R1 3.8 volts across R1

+o +2.5V

R2 Load = 3 amp @ 2.5 volt

o+o 0V
So, how to design a simple two resistor divider? Assuming that there is no load current:
Vout = Vin * R2 / (R1+R2)
The problem with this is that our load DOES draw current (about 3 amps) and therefore this will not work because the load can be considered another resistance in parallel with R2.
The 10 percent rule is a standard method for selecting R1 and R2 that takes into account the load and minimizes unnecessary power losses in the divider.
So, the first thing to do is select R2 so that I2 is 10 percent of the desired load current. This resistance and current is called the bleeder resistance and bleeder current.
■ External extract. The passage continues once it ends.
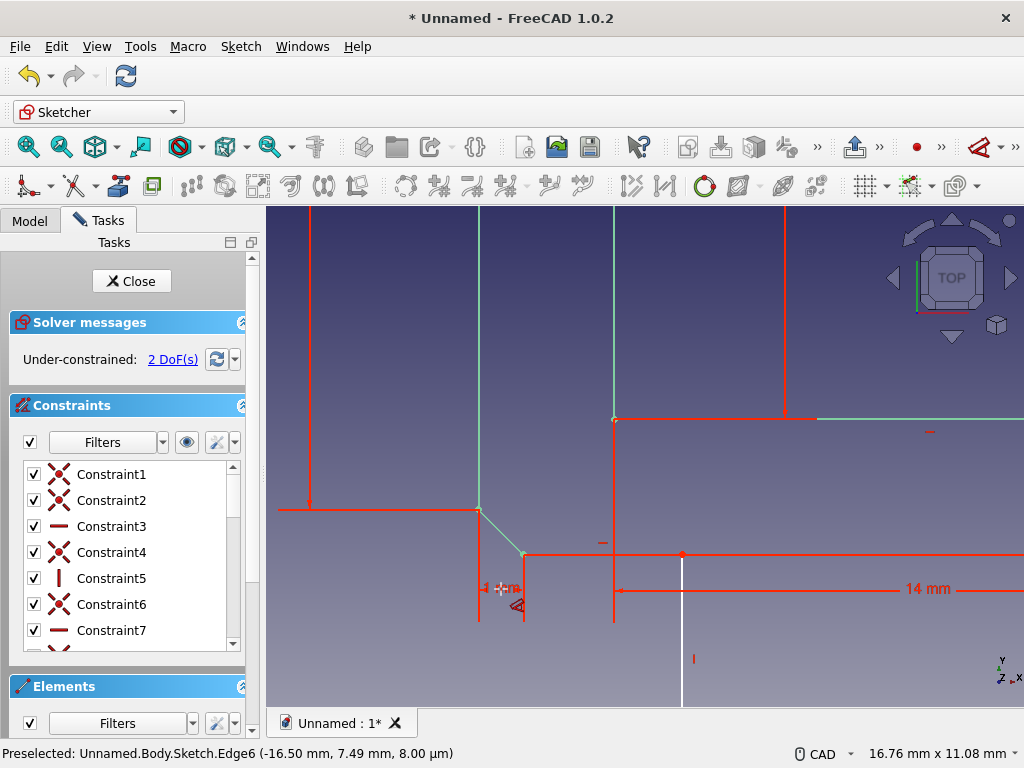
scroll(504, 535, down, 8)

In this example, the bleeder current is:
Ibleed = I2 = 0.1 * 3 A = 0.3 A = 300 mA
Using Ohm's law to calculate the bleeder resistance:
Rbleed = R2 = 2.5V /0.3 A = 8.3333 ohm
Now, we need to select R1 so that the output is maintained at 2.5V. To do this, we simply calculate the total current through the resistor and use Ohm's law:
I1 = I2 + Iload = 0.3 A + 3 A = 3.3 A
R1 = (6.3 V  2.5 V) / 3.3 A = 1.1515 ohm
Now considering standard resistor tolerances and value, this would indicate the need for R1 = 8.1 ohm for a 5% resistor and R2 = 1.15 ohm.
In terms of power ratings:
P1 = V1^2 / R1 = 3.8^2 / 1.15 = 12.55 W
P2 = V2^2 / R2 = 2.5^2 / 8.1 = 0.77 W
Did I do this right?
I am not sure what happened, but the first time I did this exercise, I (somehow) came up with R1 = 7.5 ohm 3 watt and R2 = 5.6 ohm 5 watt...
More coffee...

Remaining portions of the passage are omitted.